Una ricerca della RAND Education

 

[stextbox id=”warning” image=”null”]La ricerca USA[/stextbox]

Vacanze estiveSi avvicina l’estate e negli Stati Uniti riprendono le discussioni e le ricerche  sui danni causati dalle lunghe vacanze estive sugli apprendimenti degli allievi, specialmente dei più piccoli, dai 6 ai 14 anni, e appartenenti alle classi sociali più svantaggiate.

Il 13 giugno 2011 è uscita sull’argomento una nuova ricerca commissionata da The Wallace Foundation e condotta da RAND Education.  Si tratta dello studio più completo fra quelli finora svolti.

Attraverso l’analisi di tutta la letteratura esistente insieme a ulteriori  ricerche sul campo, lo studio esamina:

1)      le perdite in termini di apprendimenti provocate dai lunghi mesi di interruzione estiva,

2)      quanto  può essere recuperato attraverso efficaci programmi estivi di sostegno,

3)      i costi di tali programmi,

4)      e infine suggerimenti sul come realizzarli.

Si tenga conto che gli Stati Uniti hanno uno dei calendari scolastici  più leggeri a livello internazionale: 180 giorni di scuola e circa 3 mesi di vacanze estive, giugno, luglio e agosto.
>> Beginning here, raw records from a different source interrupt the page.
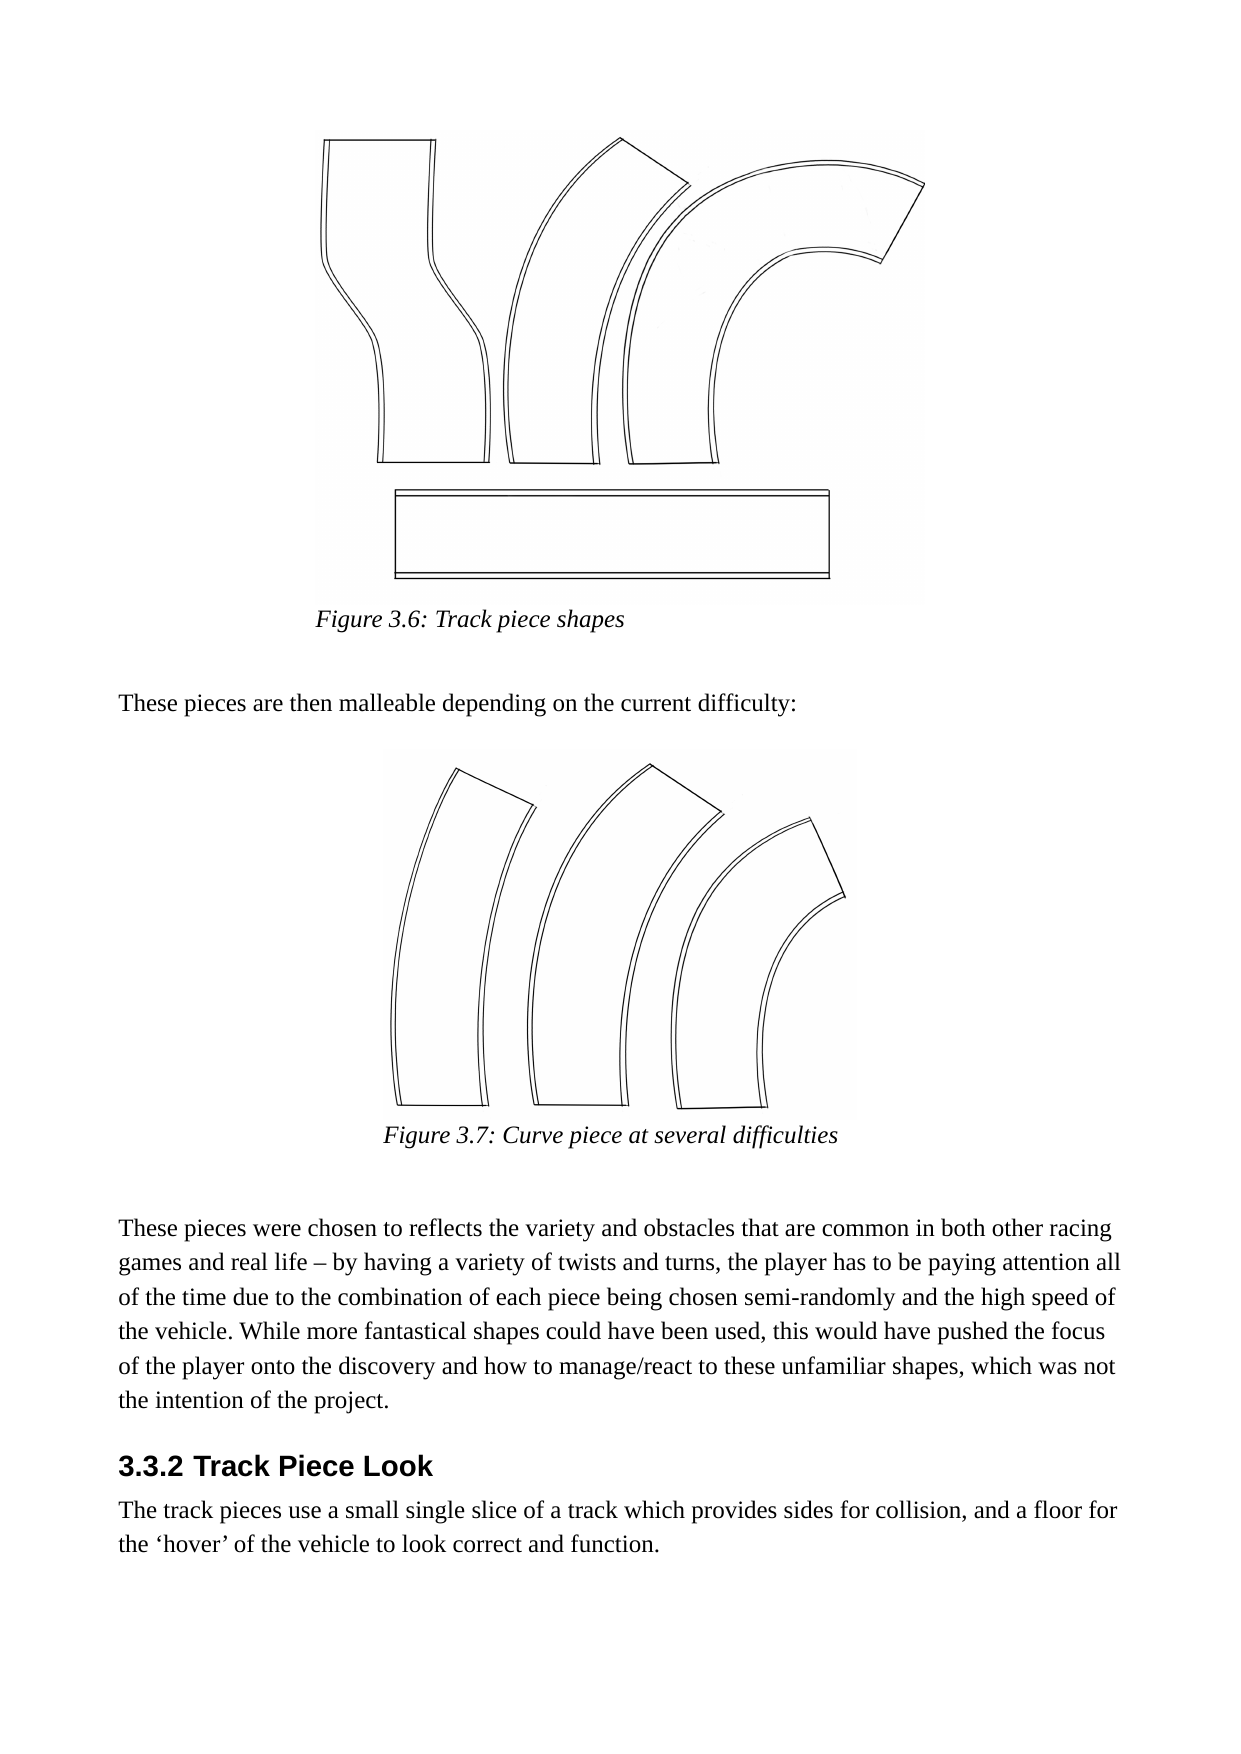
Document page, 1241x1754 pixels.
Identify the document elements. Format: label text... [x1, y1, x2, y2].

picture [383, 749, 858, 1120]
subtitle Track Piece Look [118, 1449, 1122, 1483]
text These pieces are then malleable depending on the current difficulty: [118, 688, 1122, 716]
list Figure 3.6: Track piece shapes [315, 605, 925, 633]
picture [315, 130, 925, 605]
text These pieces were chosen to reflects the variety and obstacles that are common in both other racing games and real life – by having a variety of twists and turns, the player has to be paying attention all of the time due to the combination of each piece being chosen semi-randomly and the high speed of the vehicle. While more fantastical shapes could have been used, this would have pushed the focus of the player onto the discovery and how to manage/react to these unfamiliar shapes, which was not the intention of the project. [118, 1213, 1122, 1414]
list Figure 3.7: Curve piece at several difficulties [383, 1120, 857, 1149]
text The track pieces use a small single slice of a track which provides sides for collision, and a floor for the ‘hover’ of the vehicle to look correct and function. [118, 1495, 1122, 1558]

“Sta diventando sempre più chiaro che le convenzionali 6 ore giornaliere e i 180 giorni all’anno di scuola sono sempre più insufficienti se si vuole dare ai bambini svantaggiati quello di cui hanno bisogno“, ha detto Nancy Devine, una dei direttori di ricerca alla Wallace Foundation.
E ha continuato:“Questo studio della RAND, Making summer count, conferma il grave impatto che ha l’interruzione estiva sugli studenti delle classi meno abbienti e ci dice che attività estive qualificate, per quanto difficili da realizzare, sono una strada promettente da percorrere”.

In media gli studenti perdono un mese di apprendimenti durante l’estate.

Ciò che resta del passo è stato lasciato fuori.